In [1]:
!pip install torchtext==0.4
!pip install transformers

Collecting torchtext==0.4
  Using cached torchtext-0.4.0-py3-none-any.whl (53 kB)
Installing collected packages: torchtext
Successfully installed torchtext-0.4.0
Collecting transformers
  Using cached transformers-3.0.2-py3-none-any.whl (769 kB)
Processing /home/jovyan/.cache/pip/wheels/69/09/d1/bf058f7d6fa0ecba2ce7c66be3b8d012beb4bf61a6e0c101c0/sacremoses-0.0.43-py3-none-any.whl
Collecting sentencepiece!=0.1.92
  Using cached sentencepiece-0.1.91-cp37-cp37m-manylinux1_x86_64.whl (1.1 MB)
Collecting filelock
  Using cached filelock-3.0.12-py3-none-any.whl (7.6 kB)
Collecting tokenizers==0.8.1.rc1
  Using cached tokenizers-0.8.1rc1-cp37-cp37m-manylinux1_x86_64.whl (3.0 MB)
Collecting regex!=2019.12.17
  Using cached regex-2020.7.14-cp37-cp37m-manylinux2010_x86_64.whl (660 kB)
Installing collected packages: regex, sacremoses, sentencepiece, filelock, tokenizers, transformers
Successfully installed filelock-3.0.12 regex-2020.7.14 sacremoses-0.0.43 sentencepiece-0.1.91 tokenizers-0.8.1rc1 

## Preparing Data

    1. random state: random / numpy random / torch random
    2. make tokenizer: 형태소 자르기 / 최대 길이 조절
    3. read data: torchtext.Field 활용 / vocab 만들기 (여기서는 tokenizer에 vocab attribute가 이미 존재)
    4. batch iterator: batch size를 설정하고 iterator 만들기

In [2]:
import torch
import random
import numpy as np

SEED = 1234

# for random works, python, numpy, pytorch random seeds are needed.
random.seed(SEED)
np.random.seed(SEED)
torch.manual_seed(SEED)
torch.backends.cudnn.deterministic = True

In [3]:
from transformers import BertTokenizer

tokenizer = BertTokenizer.from_pretrained('bert-base-uncased')

In [35]:
# vocab 확인
print(len(tokenizer.vocab))

30522


In [4]:
tokens = tokenizer.tokenize('Hello WoRLD, how ARE yoU?')
print(tokens)

['hello', 'world', ',', 'how', 'are', 'you', '?']


In [5]:
indexes = tokenizer.convert_tokens_to_ids(tokens)
print(indexes)

[7592, 2088, 1010, 2129, 2024, 2017, 1029]


In [6]:
init_token = tokenizer.cls_token
eos_token = tokenizer.sep_token
pad_token = tokenizer.pad_token
unk_token = tokenizer.unk_token

print(init_token, eos_token, pad_token, unk_token)

[CLS] [SEP] [PAD] [UNK]


In [7]:
init_token_idx = tokenizer.convert_tokens_to_ids(init_token)
eos_token_idx = tokenizer.convert_tokens_to_ids(eos_token)
pad_token_idx = tokenizer.convert_tokens_to_ids(pad_token)
unk_token_idx = tokenizer.convert_tokens_to_ids(unk_token)

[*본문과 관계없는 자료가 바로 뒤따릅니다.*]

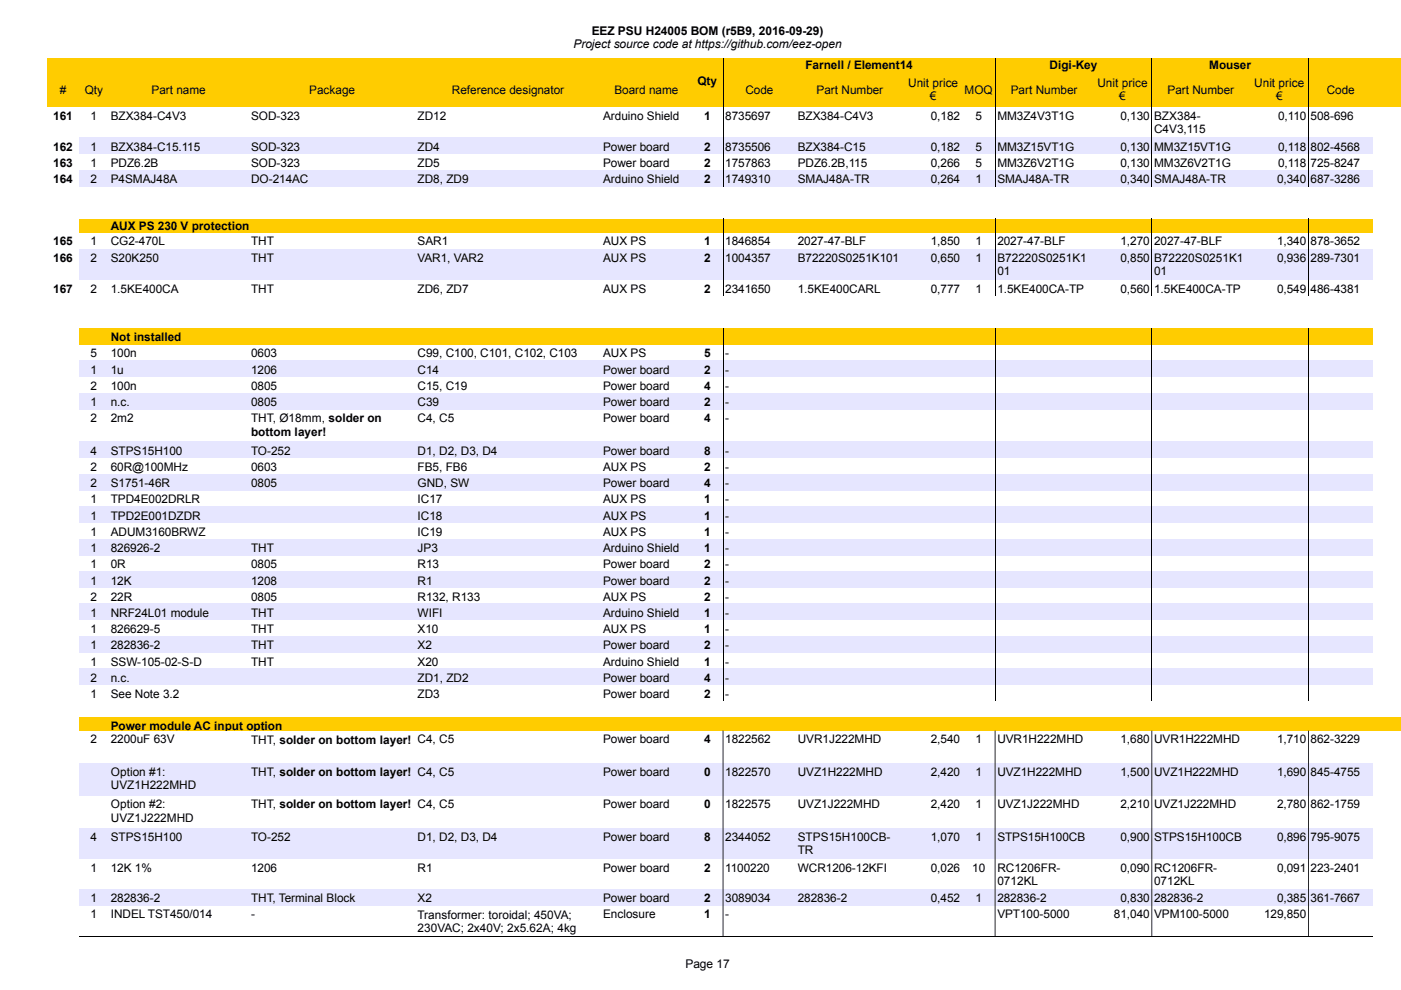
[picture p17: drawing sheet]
<svg xmlns="http://www.w3.org/2000/svg" width="297mm" height="210mm" viewBox="0 0 297 210" stroke-linecap="round" stroke-linejoin="round" font-family="sans-serif">
<defs><g id="words">
<g font-size="2.5">
<text x="121.6" y="10.2">Project source code at https://github.com/eez-open</text>
<text x="125.4" y="7.4">EEZ PSU H24005 BOM (r5B9, 2016-09-29)</text>
<text x="170.8" y="14.7">Farnell / Element14</text>
<text x="222.5" y="14.7">Digi-Key</text>
<text x="256.4" y="14.7">Mouser</text>
<text x="12.7" y="19.9">#</text>
<text x="18" y="19.9">Qty</text>
<text x="32.1" y="19.9">Part name</text>
<text x="65.6" y="19.9">Package</text>
<text x="95.8" y="19.9">Reference designator</text>
<text x="130.3" y="19.9">Board name</text>
<text x="147.9" y="18">Qty</text>
<text x="158" y="19.9">Code</text>
<text x="173.1" y="19.9">Part Number</text>
<text x="192.5" y="18.5">Unit price</text>
<text x="197.2" y="21.3">€</text>
<text x="204.5" y="19.9">MOQ</text>
<text x="214.3" y="19.9">Part Number</text>
<text x="232.7" y="18.5">Unit price</text>
<text x="237.3" y="21.3">€</text>
<text x="247.5" y="19.9">Part Number</text>
<text x="265.9" y="18.5">Unit price</text>
<text x="270.5" y="21.3">€</text>
<text x="281.3" y="19.9">Code</text>
<text x="11.3" y="25.4">161</text>
<text x="19.2" y="25.4">1</text>
<text x="23.5" y="25.4">BZX384-C4V3</text>
<text x="53.2" y="25.4">SOD-323</text>
<text x="88.5" y="25.4">ZD12</text>
<text x="127.9" y="25.4">Arduino Shield</text>
<text x="149.3" y="25.4">1</text>
<text x="153.8" y="25.4">8735697</text>
<text x="169.2" y="25.4">BZX384-C4V3</text>
<text x="197.3" y="25.4">0,182</text>
<text x="206.8" y="25.4">5</text>
<text x="211.5" y="25.4">MM3Z4V3T1G</text>
<text x="237.6" y="25.4">0,130</text>
<text x="244.7" y="25.4">BZX384-</text>
<text x="244.7" y="28.3">C4V3,115</text>
<text x="271" y="25.4">0,110</text>
<text x="277.9" y="25.4">508-696</text>
<text x="11.3" y="31.9">162</text>
<text x="11.3" y="35.4">163</text>
<text x="19.2" y="31.9">1</text>
<text x="19.2" y="35.4">1</text>
<text x="23.5" y="31.9">BZX384-C15.115</text>
<text x="23.5" y="35.4">PDZ6.2B</text>
<text x="53.2" y="31.9">SOD-323</text>
<text x="53.2" y="35.4">SOD-323</text>
<text x="88.5" y="31.9">ZD4</text>
<text x="88.5" y="35.4">ZD5</text>
<text x="127.9" y="31.9">Power board</text>
<text x="127.9" y="35.4">Power board</text>
<text x="149.3" y="31.9">2</text>
<text x="149.3" y="35.4">2</text>
<text x="153.8" y="31.9">8735506</text>
<text x="153.8" y="35.4">1757863</text>
<text x="169.2" y="31.9">BZX384-C15</text>
<text x="169.2" y="35.4">PDZ6.2B,115</text>
<text x="197.3" y="31.9">0,182</text>
<text x="197.3" y="35.4">0,266</text>
<text x="206.8" y="31.9">5</text>
<text x="206.8" y="35.4">5</text>
<text x="211.5" y="31.9">MM3Z15VT1G</text>
<text x="211.5" y="35.4">MM3Z6V2T1G</text>
<text x="237.6" y="31.9">0,130</text>
<text x="237.6" y="35.4">0,130</text>
<text x="244.7" y="31.9">MM3Z15VT1G</text>
<text x="244.7" y="35.4">MM3Z6V2T1G</text>
<text x="271" y="31.9">0,118</text>
<text x="271" y="35.4">0,118</text>
<text x="277.9" y="31.9">802-4568</text>
<text x="277.9" y="35.4">725-8247</text>
<text x="11.3" y="38.8">164</text>
<text x="19.2" y="38.8">2</text>
<text x="23.5" y="38.8">P4SMAJ48A</text>
<text x="53.2" y="38.8">DO-214AC</text>
<text x="88.5" y="38.8">ZD8, ZD9</text>
<text x="127.9" y="38.8">Arduino Shield</text>
<text x="149.3" y="38.8">2</text>
<text x="153.8" y="38.8">1749310</text>
<text x="169.2" y="38.8">SMAJ48A-TR</text>
<text x="197.3" y="38.8">0,264</text>
<text x="206.8" y="38.8">1</text>
<text x="211.5" y="38.8">SMAJ48A-TR</text>
<text x="237.6" y="38.8">0,340</text>
<text x="244.7" y="38.8">SMAJ48A-TR</text>
<text x="270.8" y="38.8">0,340</text>
<text x="277.9" y="38.8">687-3286</text>
<text x="11.3" y="52">165</text>
<text x="19.2" y="52">1</text>
<text x="23.5" y="48.8">AUX PS 230 V protection</text>
<text x="23.5" y="52">CG2-470L</text>
<text x="53.2" y="52">THT</text>
<text x="88.5" y="52">SAR1</text>
<text x="127.9" y="52">AUX PS</text>
<text x="149.3" y="52">1</text>
<text x="153.8" y="52">1846854</text>
<text x="169.2" y="52">2027-47-BLF</text>
<text x="197.3" y="52">1,850</text>
<text x="206.8" y="52">1</text>
<text x="211.5" y="52">2027-47-BLF</text>
<text x="237.6" y="52">1,270</text>
<text x="244.7" y="52">2027-47-BLF</text>
<text x="270.8" y="52">1,340</text>
<text x="277.9" y="52">878-3652</text>
<text x="11.3" y="55.5">166</text>
<text x="19.2" y="55.5">2</text>
<text x="23.5" y="55.5">S20K250</text>
<text x="53.2" y="55.5">THT</text>
<text x="88.5" y="55.5">VAR1, VAR2</text>
<text x="127.9" y="55.5">AUX PS</text>
<text x="149.3" y="55.5">2</text>
<text x="153.8" y="55.5">1004357</text>
<text x="169.2" y="55.5">B72220S0251K101</text>
<text x="197.3" y="55.5">0,650</text>
<text x="206.8" y="55.5">1</text>
<text x="211.5" y="55.5">B72220S0251K1</text>
<text x="211.5" y="58.3">01</text>
<text x="237.6" y="55.5">0,850</text>
<text x="244.7" y="55.5">B72220S0251K1</text>
<text x="244.7" y="58.3">01</text>
<text x="270.8" y="55.5">0,936</text>
<text x="277.9" y="55.5">289-7301</text>
<text x="11.3" y="62">167</text>
<text x="19.2" y="62">2</text>
<text x="23.5" y="62">1.5KE400CA</text>
<text x="53.2" y="62">THT</text>
<text x="88.5" y="62">ZD6, ZD7</text>
<text x="127.9" y="62">AUX PS</text>
<text x="149.3" y="62">2</text>
<text x="153.8" y="62">2341650</text>
<text x="169.2" y="62">1.5KE400CARL</text>
<text x="197.3" y="62">0,777</text>
<text x="206.8" y="62">1</text>
<text x="211.5" y="62">1.5KE400CA-TP</text>
<text x="237.6" y="62">0,560</text>
<text x="244.7" y="62">1.5KE400CA-TP</text>
<text x="270.8" y="62">0,549</text>
<text x="277.9" y="62">486-4381</text>
<text x="19.2" y="75.8">5</text>
<text x="23.5" y="72.4">Not installed</text>
<text x="23.5" y="75.8">100n</text>
<text x="53.2" y="75.8">0603</text>
<text x="88.5" y="75.8">C99, C100, C101, C102, C103</text>
<text x="127.9" y="75.8">AUX PS</text>
<text x="149.3" y="75.8">5</text>
<text x="153.8" y="75.8">-</text>
<text x="19.2" y="79.2">1</text>
<text x="19.2" y="82.7">2</text>
<text x="23.5" y="79.2">1u</text>
<text x="23.5" y="82.7">100n</text>
<text x="53.2" y="79.2">1206</text>
<text x="53.2" y="82.7">0805</text>
<text x="88.5" y="79.2">C14</text>
<text x="88.5" y="82.7">C15, C19</text>
<text x="127.9" y="79.2">Power board</text>
<text x="127.9" y="82.7">Power board</text>
<text x="149.3" y="79.2">2</text>
<text x="149.3" y="82.7">4</text>
<text x="153.8" y="79.2">-</text>
<text x="153.8" y="82.7">-</text>
<text x="19.2" y="86.1">1</text>
<text x="19.2" y="89.5">2</text>
<text x="23.5" y="86.1">n.c.</text>
<text x="23.5" y="89.5">2m2</text>
<text x="53.2" y="86.1">0805</text>
<text x="53.2" y="89.6">THT, Ø18mm, solder on</text>
<text x="88.5" y="86.1">C39</text>
<text x="88.5" y="89.5">C4, C5</text>
<text x="127.9" y="86.1">Power board</text>
<text x="127.9" y="89.5">Power board</text>
<text x="149.3" y="86.1">2</text>
<text x="149.3" y="89.5">4</text>
<text x="153.8" y="86.1">-</text>
<text x="153.8" y="89.5">-</text>
<text x="53.2" y="92.4">bottom layer!</text>
<text x="19.2" y="96.4">4</text>
<text x="19.2" y="99.8">2</text>
<text x="23.5" y="96.4">STPS15H100</text>
<text x="23.5" y="99.8">60R@100MHz</text>
<text x="53.2" y="96.4">TO-252</text>
<text x="53.2" y="99.8">0603</text>
<text x="88.5" y="96.4">D1, D2, D3, D4</text>
<text x="88.5" y="99.8">FB5, FB6</text>
<text x="127.9" y="96.4">Power board</text>
<text x="127.9" y="99.8">AUX PS</text>
<text x="149.3" y="96.4">8</text>
<text x="149.3" y="99.8">2</text>
<text x="153.8" y="96.4">-</text>
<text x="153.8" y="99.8">-</text>
<text x="19.2" y="103.3">2</text>
<text x="19.2" y="106.7">1</text>
<text x="23.5" y="103.3">S1751-46R</text>
<text x="23.5" y="106.7">TPD4E002DRLR</text>
<text x="53.2" y="103.3">0805</text>
<text x="88.5" y="103.3">GND, SW</text>
<text x="88.5" y="106.7">IC17</text>
<text x="127.9" y="103.3">Power board</text>
<text x="127.9" y="106.7">AUX PS</text>
<text x="149.3" y="103.3">4</text>
<text x="149.3" y="106.7">1</text>
<text x="153.8" y="103.3">-</text>
<text x="153.8" y="106.7">-</text>
<text x="19.2" y="110.2">1</text>
<text x="19.2" y="113.6">1</text>
<text x="23.5" y="110.2">TPD2E001DZDR</text>
<text x="23.5" y="113.6">ADUM3160BRWZ</text>
<text x="88.5" y="110.2">IC18</text>
<text x="88.5" y="113.6">IC19</text>
<text x="127.9" y="110.2">AUX PS</text>
<text x="127.9" y="113.6">AUX PS</text>
<text x="149.3" y="110.2">1</text>
<text x="149.3" y="113.6">1</text>
<text x="153.8" y="110.2">-</text>
<text x="153.8" y="113.6">-</text>
<text x="19.2" y="117.1">1</text>
<text x="23.5" y="117.1">826926-2</text>
<text x="53.2" y="117.1">THT</text>
<text x="88.5" y="117.1">JP3</text>
<text x="127.9" y="117.1">Arduino Shield</text>
<text x="149.3" y="117.1">1</text>
<text x="153.8" y="117.1">-</text>
<text x="19.2" y="120.5">1</text>
<text x="19.2" y="123.9">1</text>
<text x="23.5" y="120.5">0R</text>
<text x="23.5" y="123.9">12K</text>
<text x="53.2" y="120.5">0805</text>
<text x="53.2" y="123.9">1208</text>
<text x="88.5" y="120.5">R13</text>
<text x="88.5" y="123.9">R1</text>
<text x="127.9" y="120.5">Power board</text>
<text x="127.9" y="123.9">Power board</text>
<text x="149.3" y="120.5">2</text>
<text x="149.3" y="123.9">2</text>
<text x="153.8" y="120.5">-</text>
<text x="153.8" y="123.9">-</text>
<text x="19.2" y="127.4">2</text>
<text x="19.2" y="130.8">1</text>
<text x="23.5" y="127.4">22R</text>
<text x="23.5" y="130.8">NRF24L01 module</text>
<text x="53.2" y="127.4">0805</text>
<text x="53.2" y="130.8">THT</text>
<text x="88.5" y="127.4">R132, R133</text>
<text x="88.5" y="130.8">WIFI</text>
<text x="127.9" y="127.4">AUX PS</text>
<text x="127.9" y="130.8">Arduino Shield</text>
<text x="149.3" y="127.4">2</text>
<text x="149.3" y="130.8">1</text>
<text x="153.8" y="127.4">-</text>
<text x="153.8" y="130.8">-</text>
<text x="19.2" y="134.2">1</text>
<text x="19.2" y="137.7">1</text>
<text x="23.5" y="134.2">826629-5</text>
<text x="23.5" y="137.7">282836-2</text>
<text x="53.2" y="134.2">THT</text>
<text x="53.2" y="137.7">THT</text>
<text x="88.5" y="134.2">X10</text>
<text x="88.5" y="137.7">X2</text>
<text x="127.9" y="134.2">AUX PS</text>
<text x="127.9" y="137.7">Power board</text>
<text x="149.3" y="134.2">1</text>
<text x="149.3" y="137.7">2</text>
<text x="153.8" y="134.2">-</text>
<text x="153.8" y="137.7">-</text>
<text x="19.2" y="141.1">1</text>
<text x="23.5" y="141.1">SSW-105-02-S-D</text>
<text x="53.2" y="141.1">THT</text>
<text x="88.5" y="141.1">X20</text>
<text x="127.9" y="141.1">Arduino Shield</text>
<text x="149.3" y="141.1">1</text>
<text x="153.8" y="141.1">-</text>
<text x="19.2" y="144.5">2</text>
<text x="19.2" y="148">1</text>
<text x="23.5" y="144.5">n.c.</text>
<text x="23.5" y="148">See Note 3.2</text>
<text x="88.5" y="144.5">ZD1, ZD2</text>
<text x="88.5" y="148">ZD3</text>
<text x="127.9" y="144.5">Power board</text>
<text x="127.9" y="148">Power board</text>
<text x="149.3" y="144.5">4</text>
<text x="149.3" y="148">2</text>
<text x="153.8" y="144.5">-</text>
<text x="153.8" y="148">-</text>
<text x="23.5" y="154.7">Power module AC input option</text>
<text x="19.2" y="157.6">2</text>
<text x="23.5" y="157.6">2200uF 63V</text>
<text x="53.2" y="157.7">THT, solder on bottom layer! C4, C5</text>
<text x="127.9" y="157.6">Power board</text>
<text x="149.3" y="157.6">4</text>
<text x="153.8" y="157.6">1822562</text>
<text x="169.2" y="157.6">UVR1J222MHD</text>
<text x="197.3" y="157.6">2,540</text>
<text x="206.8" y="157.6">1</text>
<text x="211.5" y="157.6">UVR1H222MHD</text>
<text x="237.6" y="157.6">1,680</text>
<text x="244.7" y="157.6">UVR1H222MHD</text>
<text x="270.8" y="157.6">1,710</text>
<text x="277.9" y="157.6">862-3229</text>
<text x="23.5" y="164.5">Option #1:</text>
<text x="23.5" y="167.4">UVZ1H222MHD</text>
<text x="53.2" y="164.5">THT, solder on bottom layer! C4, C5</text>
<text x="127.9" y="164.5">Power board</text>
<text x="149.3" y="164.5">0</text>
<text x="153.8" y="164.5">1822570</text>
<text x="169.2" y="164.5">UVZ1H222MHD</text>
<text x="197.3" y="164.5">2,420</text>
<text x="206.8" y="164.5">1</text>
<text x="211.5" y="164.5">UVZ1H222MHD</text>
<text x="237.6" y="164.5">1,500</text>
<text x="244.7" y="164.5">UVZ1H222MHD</text>
<text x="270.8" y="164.5">1,690</text>
<text x="277.9" y="164.5">845-4755</text>
<text x="23.5" y="171.4">Option #2:</text>
<text x="53.2" y="171.4">THT, solder on bottom layer! C4, C5</text>
<text x="127.9" y="171.3">Power board</text>
<text x="149.3" y="171.3">0</text>
<text x="153.8" y="171.3">1822575</text>
<text x="169.2" y="171.3">UVZ1J222MHD</text>
<text x="197.3" y="171.3">2,420</text>
<text x="206.8" y="171.3">1</text>
<text x="211.5" y="171.3">UVZ1J222MHD</text>
<text x="237.6" y="171.3">2,210</text>
<text x="244.7" y="171.3">UVZ1J222MHD</text>
<text x="270.8" y="171.3">2,780</text>
<text x="277.9" y="171.3">862-1759</text>
<text x="19.2" y="178.2">4</text>
<text x="23.5" y="178.2">STPS15H100</text>
<text x="23.5" y="174.2">UVZ1J222MHD</text>
<text x="53.2" y="178.2">TO-252</text>
<text x="88.5" y="178.2">D1, D2, D3, D4</text>
<text x="127.9" y="178.2">Power board</text>
<text x="149.3" y="178.2">8</text>
<text x="153.8" y="178.2">2344052</text>
<text x="169.2" y="178.3">STPS15H100CB-</text>
<text x="197.3" y="178.2">1,070</text>
<text x="206.8" y="178.2">1</text>
<text x="211.5" y="178.2">STPS15H100CB</text>
<text x="237.6" y="178.2">0,900</text>
<text x="244.7" y="178.2">STPS15H100CB</text>
<text x="270.8" y="178.2">0,896</text>
<text x="277.9" y="178.2">795-9075</text>
<text x="19.2" y="184.8">1</text>
<text x="23.5" y="184.8">12K 1%</text>
<text x="53.2" y="184.8">1206</text>
<text x="88.5" y="184.8">R1</text>
<text x="127.9" y="184.8">Power board</text>
<text x="149.3" y="184.8">2</text>
<text x="153.8" y="184.8">1100220</text>
<text x="169.2" y="184.8">WCR1206-12KFI</text>
<text x="169.2" y="181.1">TR</text>
<text x="197.3" y="184.8">0,026</text>
<text x="206.1" y="184.8">10</text>
<text x="211.5" y="184.8">RC1206FR-</text>
<text x="237.6" y="184.8">0,090</text>
<text x="244.7" y="184.8">RC1206FR-</text>
<text x="270.8" y="184.8">0,091</text>
<text x="277.9" y="184.8">223-2401</text>
<text x="19.2" y="191.3">1</text>
<text x="23.5" y="191.3">282836-2</text>
<text x="53.2" y="191.3">THT, Terminal Block</text>
<text x="88.5" y="191.3">X2</text>
<text x="127.9" y="191.3">Power board</text>
<text x="149.3" y="191.3">2</text>
<text x="153.8" y="191.3">3089034</text>
<text x="169.2" y="191.3">282836-2</text>
<text x="197.3" y="191.3">0,452</text>
<text x="206.8" y="191.3">1</text>
<text x="211.5" y="191.3">282836-2</text>
<text x="211.5" y="187.6">0712KL</text>
<text x="237.6" y="191.3">0,830</text>
<text x="244.7" y="191.3">282836-2</text>
<text x="244.7" y="187.6">0712KL</text>
<text x="270.8" y="191.3">0,385</text>
<text x="277.9" y="191.3">361-7667</text>
<text x="19.2" y="194.7">1</text>
<text x="23.5" y="194.7">INDEL TST450/014</text>
<text x="53.2" y="194.7">-</text>
<text x="88.5" y="194.8">Transformer: toroidal; 450VA;</text>
<text x="88.5" y="197.6">230VAC; 2x40V; 2x5.62A; 4kg</text>
<text x="127.9" y="194.7">Enclosure</text>
<text x="149.3" y="194.7">1</text>
<text x="153.8" y="194.7">-</text>
<text x="211.5" y="194.7">VPT100-5000</text>
<text x="236.2" y="194.7">81,040</text>
<text x="244.7" y="194.7">VPM100-5000</text>
<text x="268" y="194.7">129,850</text>
<text x="145.3" y="205.3">Page 17</text>
</g>
</g></defs>
<path d="M9.9 12.4h287.2v10.3h-287.2z" fill-rule="evenodd" fill="#fc0"/>
<path d="M153.3 12.4v10.3M211 12.4v10.3M244.2 12.4v10.3M277.4 12.4v10.3" fill="none" stroke="#000" stroke-width=".21"/>
<g fill="#e6e6ff">
<path d="M16.7 29.2h274.3v3.4h-274.3z" fill-rule="evenodd"/>
<path d="M16.7 36.1h274.3v3.4h-274.3z" fill-rule="evenodd"/>
</g>
<path d="M16.7 46.4h274.3v2.9h-274.3z" fill-rule="evenodd" fill="#fc0"/>
<path d="M16.7 52.8h274.3v6.5h-274.3z" fill-rule="evenodd" fill="#e6e6ff"/>
<path d="M16.7 69.6h274.3v3.4h-274.3z" fill-rule="evenodd" fill="#fc0"/>
<g fill="#e6e6ff">
<path d="M16.7 76.4h274.3v3.5h-274.3z" fill-rule="evenodd"/>
<path d="M16.7 83.3h274.3v3.5h-274.3z" fill-rule="evenodd"/>
<path d="M16.7 93.7h274.3v3.4h-274.3z" fill-rule="evenodd"/>
<path d="M16.7 100.5h274.3v3.5h-274.3z" fill-rule="evenodd"/>
<path d="M16.7 107.4h274.3v3.5h-274.3z" fill-rule="evenodd"/>
<path d="M16.7 114.3h274.3v3.5h-274.3z" fill-rule="evenodd"/>
<path d="M16.7 121.1h274.3v3.5h-274.3z" fill-rule="evenodd"/>
<path d="M16.7 128h274.3v3.5h-274.3z" fill-rule="evenodd"/>
<path d="M16.7 134.9h274.3v3.5h-274.3z" fill-rule="evenodd"/>
<path d="M16.7 141.8h274.3v3.4h-274.3z" fill-rule="evenodd"/>
</g>
<path d="M16.7 151.9h280.4v3h-280.4z" fill-rule="evenodd" fill="#fc0"/>
<g fill="#e6e6ff">
<path d="M16.7 161.7h274.3v6.9h-274.3z" fill-rule="evenodd"/>
<path d="M16.7 175.5h274.3v6.5h-274.3z" fill-rule="evenodd"/>
<path d="M16.7 188.6h274.3v3.4h-274.3z" fill-rule="evenodd"/>
</g>
<g fill="none" stroke="#000" stroke-width=".21">
<path d="M153.3 22.7v16.8M211 22.7v16.8M244.2 22.7v16.8M277.4 22.7v16.8M153.3 46.4v16.4M211 46.4v16.4M244.2 46.4v16.4M277.4 46.4v16.4M153.3 69.6v79.1M211 69.6v79.1M244.2 69.6v79.1M277.4 69.6v79.1"/>
<path d="M16.8 198.6h274.3"/>
</g>
<g fill="#000">
<path d="M153.2 154.9h.2l-.1 43.6z" fill-rule="evenodd"/>
<path d="M210.9 154.9h.2l-.1 43.6z" fill-rule="evenodd"/>
<path d="M244.1 154.9h.2l-.1 43.6z" fill-rule="evenodd"/>
<path d="M277.4 154.9h.1l-.1 43.6z" fill-rule="evenodd"/>
</g>
<use href="#words"/>
</svg>

print(init_token_idx, eos_token_idx, pad_token_idx, unk_token_idx)

101 102 0 100


In [8]:
max_input_length = tokenizer.max_model_input_sizes['bert-base-uncased'] # 내 데이터의 max length가 아니라 bert model의 max length가 필요?
print(max_input_length)

512


In [9]:
def tokenize_and_cut(sentence):
    tokens = tokenizer.tokenize(sentence)
    tokens = tokens[:max_input_length-2] # 항상 끝 두개를 잘라야 하는지?
    return tokens

In [10]:
from torchtext import data

TEXT = data.Field(batch_first=True,
                  use_vocab=False,
                  tokenize=tokenize_and_cut,
                  preprocessing=tokenizer.convert_tokens_to_ids,
                  init_token=init_token_idx,
                  eos_token=eos_token_idx,
                  pad_token=pad_token_idx,
                  unk_token=unk_token_idx)

LABEL = data.LabelField(dtype=torch.float) # LABEL의 dtype이 float인 이유는?

In [11]:
from torchtext import datasets

train_data, test_data = datasets.IMDB.splits(TEXT, LABEL)
train_data, valid_data = train_data.split(random_state=random.seed(SEED))

In [12]:
print('number of training samples: {}'.format(len(train_data)))
print('number of validation samples: {}'.format(len(valid_data)))
print('number of test samples: {}'.format(len(test_data)))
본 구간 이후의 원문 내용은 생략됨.